DVD 20世紀フォックス・ホーム・エンターテイメント・ジャパン 2005/06/24 ¥995

舞台はアイルランドのダブリンで、ソウル・バンドを作りたいと夢見るジミー(ロバート・アーキンス)は、新聞広告で仲間を募集し「ザ・コミットメンツ」を結成、徐々に人気は高まっていくが、同時に内輪もめも多くなっていき…。


日曜の夜には必ずネイルを塗りなおしていた。
でも今回は少し違う。
何年もヤスリで丹念に整えていたスクエアオフのネイルを爪きりでプチプチと短く切り落とす。
久しぶりに見る私の手。
あぁ。そうだった。私はこんな無骨な手だった。

それというのも、先月同窓会で卒業以来のクラスメイトに言われた。

「まだギター弾いてるの?」
「残念ながら今はもう全然なの。ほらこんなネイルだし。」

去年も同じようにメールが来たっけなぁ・・・当の本人は自分が音楽やっていたことさえ忘れかけてるのに彼等の記憶の中の私はいつまでもギタリストなんだ。

懐古主義は私に似合わない。昔を懐かしんでばかりじゃ前に進めないし。
なのに音楽映画ばかりをわざわざ選んでみているのは何故?

最近だとケビン・スペイシーの「ライフ イズ デビッドゲイル」で知られているアラン・パーカーの他の映画を実は私はそれほど好きじゃない。
だけれど、この映画にかける想いったら群を抜いている。
多分これは自分と重ねあわせているんだよな。
音楽が好きというだけではやっていけない。
傍からみると本当にちっぽけで下らない人間関係のもつれを痛いほど感じたから。
だからこそ花火のように一瞬だけ打ちあがったコミットメンツのステージラストの曲「トライ・ア・テンダネス」がすごくいい。
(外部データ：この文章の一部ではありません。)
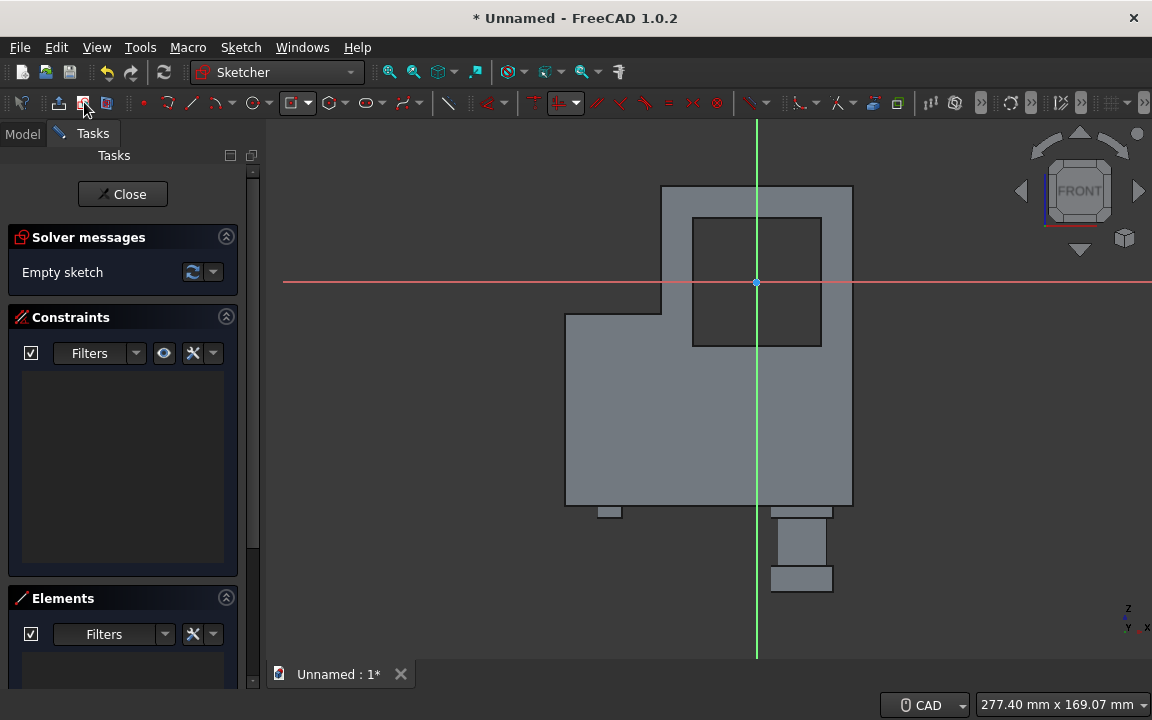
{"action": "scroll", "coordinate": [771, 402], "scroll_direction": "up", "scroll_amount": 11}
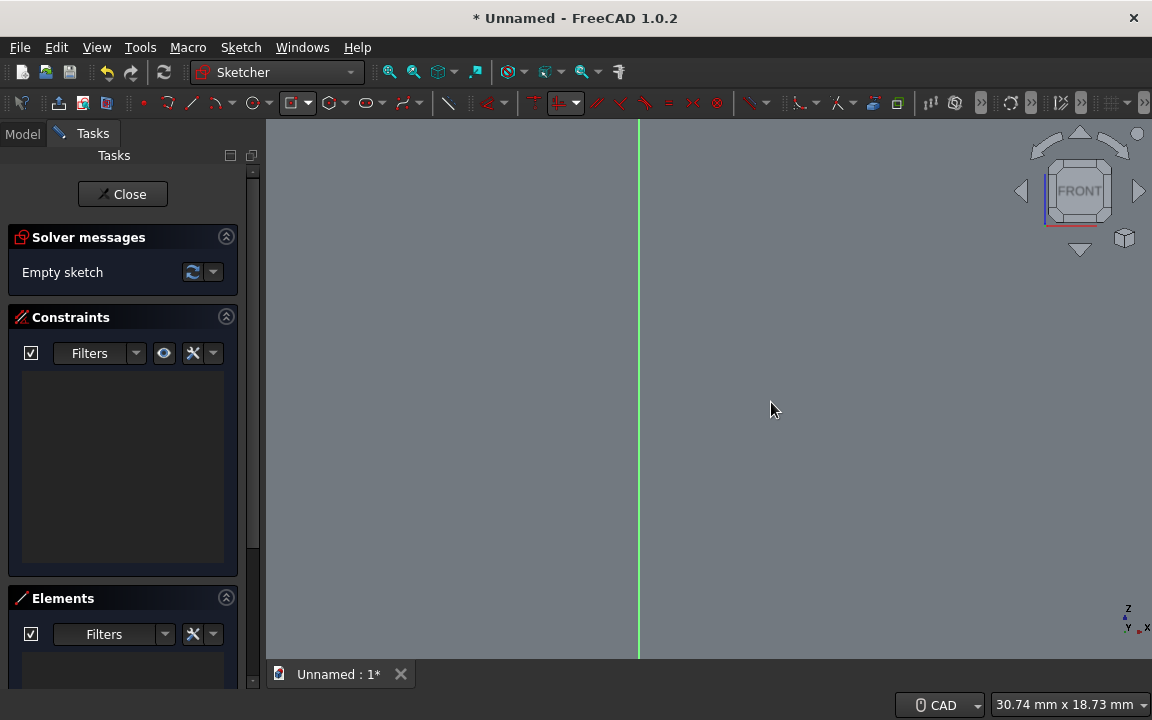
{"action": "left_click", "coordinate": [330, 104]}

映画をみた私は心のどっかが少し決壊してしまったのかも。
ネイルをばっさり切り落とし、久しぶりに埃を被った私のかつて愛した相棒・・・
ユニオンジャックの大きなステッカーを貼った黒いギターを引っ張り出す。
錆びた弦に指が思い通りに動かなくて地団太を踏む。
ピックなんかもうないから10円玉で弾く。

ギターを抱くように朝まで寝て、翌朝会社に行くまでまた弾いた。
指が腫れあがってもまだなお。
少しだけ零れ落ちた気持ちは収まった。
こんな気持ちと爽快感久しぶり。
私は嬉しくて会社で腫れあがった指を自慢した。

「ねぇ、私一晩中ギター弾きあかしちゃったよ・・・・」と。